2 min read Last Updated : Oct 02 2021 | 12:46 AM IST
Manufacturing activity in September grew with strengthening demand conditions amid the easing of Coronavirus (Covid-19) restrictions even as pricing pressure intensified due to raw material shortages and rising fuel costs.
The IHS Markit Purchasing Managers Index (PMI) for manufacturing rose to 53.7 in September from 52.3 recorded in August, highlighting a stronger expansion in overall business conditions. A reading above 50 indicates expansion and one below that shows contraction. The PMI reading was 55.3 in July.
“Indian manufacturers lifted production to a greater extent in September as they geared up for improvements in demand and the replenishment of stocks.
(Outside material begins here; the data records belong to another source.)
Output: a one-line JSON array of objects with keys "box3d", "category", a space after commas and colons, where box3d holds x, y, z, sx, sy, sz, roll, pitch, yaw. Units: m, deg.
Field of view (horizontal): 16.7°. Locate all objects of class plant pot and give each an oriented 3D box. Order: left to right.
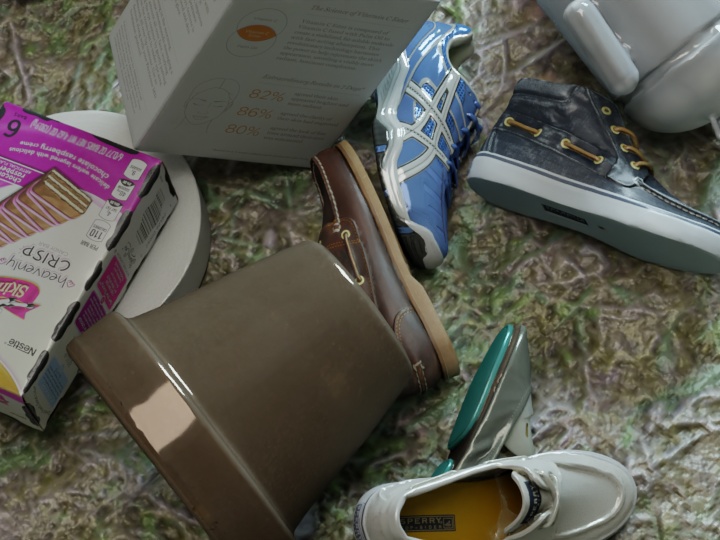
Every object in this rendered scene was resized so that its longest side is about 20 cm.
[{"box3d": [-0.064, 0.078, 1.593, 0.174, 0.200, 0.200, -37, 62, -6], "category": "plant pot"}]

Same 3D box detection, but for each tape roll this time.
[{"box3d": [-0.208, -0.022, 1.774, 0.202, 0.037, 0.204, -5, 61, 9], "category": "tape roll"}]

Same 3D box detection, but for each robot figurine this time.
[{"box3d": [0.202, -0.180, 1.721, 0.200, 0.113, 0.169, 52, 45, 2], "category": "robot figurine"}]

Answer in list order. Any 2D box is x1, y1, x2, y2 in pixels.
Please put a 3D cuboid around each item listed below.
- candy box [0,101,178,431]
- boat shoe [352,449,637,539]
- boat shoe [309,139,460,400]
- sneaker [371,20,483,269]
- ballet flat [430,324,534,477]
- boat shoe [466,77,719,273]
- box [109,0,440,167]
[{"box3d": [-0.235, -0.006, 1.714, 0.136, 0.061, 0.201, 20, 68, 19], "category": "candy box"}, {"box3d": [0.097, 0.150, 1.563, 0.199, 0.070, 0.071, -1, 81, -24], "category": "boat shoe"}, {"box3d": [0.000, 0.000, 1.704, 0.070, 0.070, 0.201, -23, 60, -4], "category": "boat shoe"}, {"box3d": [0.049, -0.096, 1.744, 0.077, 0.076, 0.201, -6, 66, 5], "category": "sneaker"}, {"box3d": [0.079, 0.132, 1.633, 0.064, 0.067, 0.201, 31, 69, -5], "category": "ballet flat"}, {"box3d": [0.177, -0.070, 1.703, 0.199, 0.071, 0.091, 21, 76, 21], "category": "boat shoe"}, {"box3d": [-0.063, -0.176, 1.711, 0.152, 0.200, 0.107, 5, 54, -30], "category": "box"}]
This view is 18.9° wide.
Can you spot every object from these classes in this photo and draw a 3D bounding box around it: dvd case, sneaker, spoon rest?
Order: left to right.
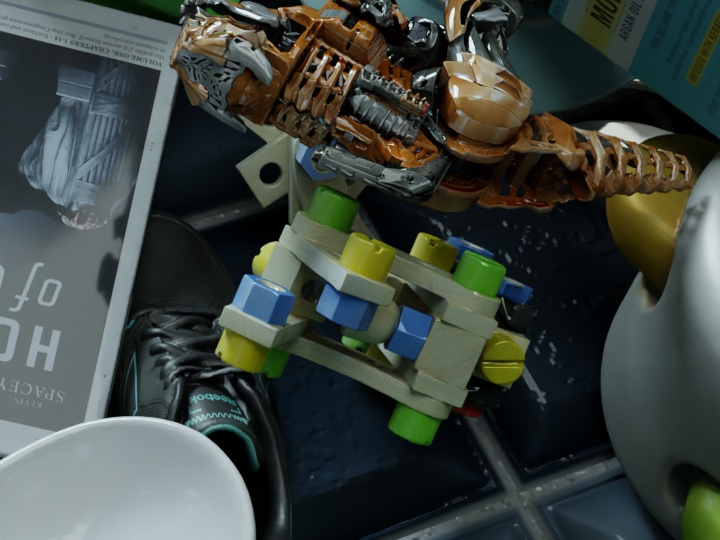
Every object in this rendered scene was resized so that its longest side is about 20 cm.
[{"bbox_3d":[-0.156,-0.025,0.826,0.150,0.025,0.200,14,61,-9],"label":"dvd case"},{"bbox_3d":[-0.131,0.112,0.735,0.200,0.061,0.100,-22,56,-1],"label":"spoon rest"},{"bbox_3d":[-0.058,0.052,0.830,0.075,0.079,0.200,-5,57,-19],"label":"sneaker"}]

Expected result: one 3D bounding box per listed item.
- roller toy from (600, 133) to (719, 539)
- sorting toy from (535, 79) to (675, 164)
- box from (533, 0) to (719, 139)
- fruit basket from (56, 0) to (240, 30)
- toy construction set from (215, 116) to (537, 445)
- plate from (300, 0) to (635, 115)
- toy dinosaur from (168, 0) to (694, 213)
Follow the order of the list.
[{"bbox_3d":[0.200,0.030,0.877,0.182,0.140,0.200,-7,58,-21],"label":"roller toy"},{"bbox_3d":[0.133,-0.114,0.988,0.199,0.107,0.180,12,62,-7],"label":"sorting toy"},{"bbox_3d":[0.109,-0.128,0.841,0.200,0.082,0.049,38,57,15],"label":"box"},{"bbox_3d":[-0.133,-0.189,0.942,0.215,0.155,0.216,14,59,-26],"label":"fruit basket"},{"bbox_3d":[0.000,0.000,0.847,0.131,0.092,0.200,20,22,-16],"label":"toy construction set"},{"bbox_3d":[0.056,-0.162,0.922,0.200,0.026,0.201,5,70,-14],"label":"plate"},{"bbox_3d":[0.026,-0.062,0.807,0.200,0.102,0.136,36,31,-29],"label":"toy dinosaur"}]
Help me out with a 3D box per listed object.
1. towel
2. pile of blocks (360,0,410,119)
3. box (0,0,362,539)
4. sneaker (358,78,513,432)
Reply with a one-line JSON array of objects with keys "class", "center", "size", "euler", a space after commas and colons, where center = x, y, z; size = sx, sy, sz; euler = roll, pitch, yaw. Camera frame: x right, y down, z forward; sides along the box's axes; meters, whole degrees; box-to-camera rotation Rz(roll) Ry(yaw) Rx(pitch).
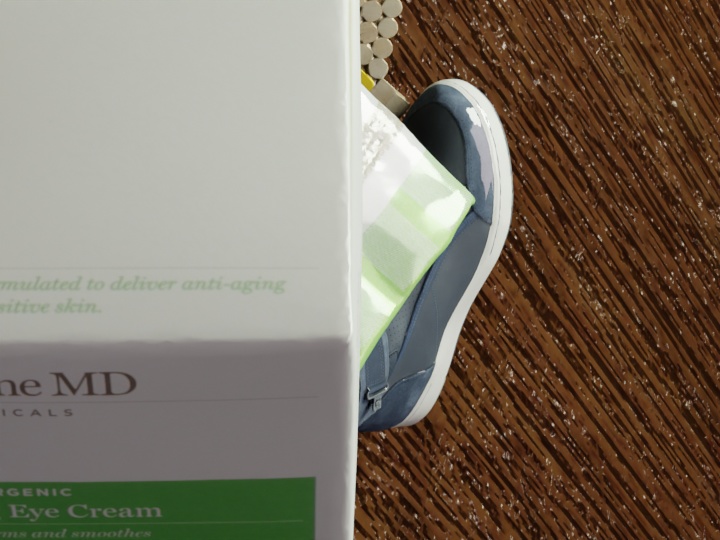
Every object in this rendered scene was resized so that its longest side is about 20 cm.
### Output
[{"class": "towel", "center": [-0.046, -0.046, 1.117], "size": [0.200, 0.031, 0.149], "euler": [42, 71, -19]}, {"class": "pile of blocks", "center": [-0.011, -0.159, 1.236], "size": [0.062, 0.082, 0.200], "euler": [-121, -145, -77]}, {"class": "box", "center": [-0.098, 0.004, 0.904], "size": [0.171, 0.199, 0.200], "euler": [92, -2, -48]}, {"class": "sneaker", "center": [0.001, 0.001, 1.194], "size": [0.146, 0.077, 0.202], "euler": [-9, 119, -51]}]
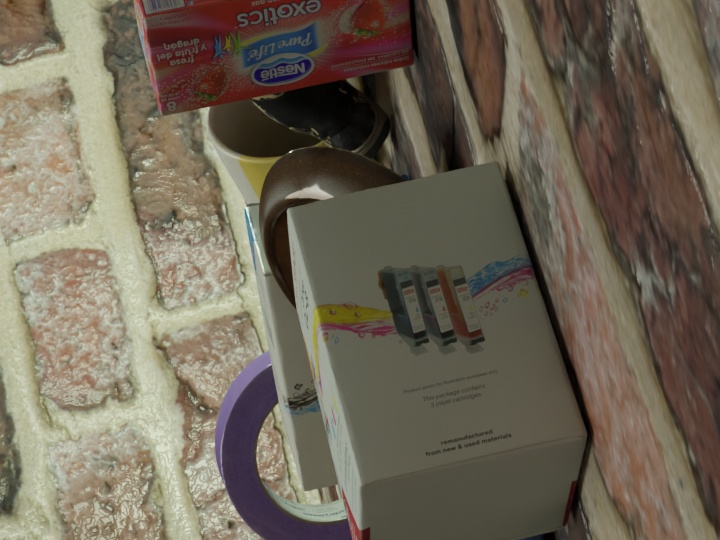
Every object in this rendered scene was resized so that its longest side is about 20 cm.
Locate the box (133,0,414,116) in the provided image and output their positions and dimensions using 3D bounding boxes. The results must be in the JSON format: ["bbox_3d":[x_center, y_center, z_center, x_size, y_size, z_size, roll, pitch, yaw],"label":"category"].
[{"bbox_3d":[-0.068,-0.200,1.602,0.103,0.199,0.095,-110,10,-45],"label":"box"}]

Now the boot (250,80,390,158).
[{"bbox_3d":[-0.078,-0.171,1.833,0.150,0.073,0.200,30,-173,-45],"label":"boot"}]

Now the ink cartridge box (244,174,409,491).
[{"bbox_3d":[-0.004,0.051,1.761,0.147,0.144,0.201,-112,12,-63],"label":"ink cartridge box"}]

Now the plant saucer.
[{"bbox_3d":[0.000,0.000,1.568,0.199,0.032,0.201,27,142,23],"label":"plant saucer"}]

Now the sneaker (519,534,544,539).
[{"bbox_3d":[0.077,0.132,1.525,0.200,0.075,0.077,50,146,38],"label":"sneaker"}]

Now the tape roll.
[{"bbox_3d":[-0.040,0.169,2.065,0.085,0.199,0.201,-143,41,-80],"label":"tape roll"}]

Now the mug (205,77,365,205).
[{"bbox_3d":[-0.050,-0.085,1.967,0.187,0.148,0.154,-99,-6,-47],"label":"mug"}]

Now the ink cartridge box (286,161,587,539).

There was a substantial pick-up in intakes of new work, with some contribution from international markets,” said Pollyanna De Lima, Economics associate director at IHS Markit.
The growth in September was backed by stronger new order inflows, and companies scaling up input buying to accommodate rising sales and progress with production schedules. The uptick in input buying came on the back of anticipation that production would increase in the year ahead.
International demand for Indian goods also strengthened in September, although some firms saw the Covid-19 pandemic restricting international sales. New export orders expanded at a faster rate than in August, the survey showed.
Manufacturing sector employment saw little change as government guidelines surrounding shift work prevented hiring for firms.
After subsiding in the previous two months, cost inflationary pressures intensified in September. Strong demand for scarce products and rising fuel and transportation rates contributed to the increase in input costs.
Rising fuel, raw material and transportation prices pushed the overall rate of input cost inflation to a five-month high. Output prices, however, increased at a slower and only moderate rate, the findings show.
"Only a small proportion of this additional cost burden was passed on to clients, however, as seen by a slower and only modest increase in factory gate charges." Pollyanna De Lima said.
The survey also found diverging trends regarding stocks. Pre-production inventories rose at a substantial pace as firms sought to ensure that current and future demand needs are met. Holdings of manufactured goods continued to fall sharply amid the immediate dispatch of items to clients, it said.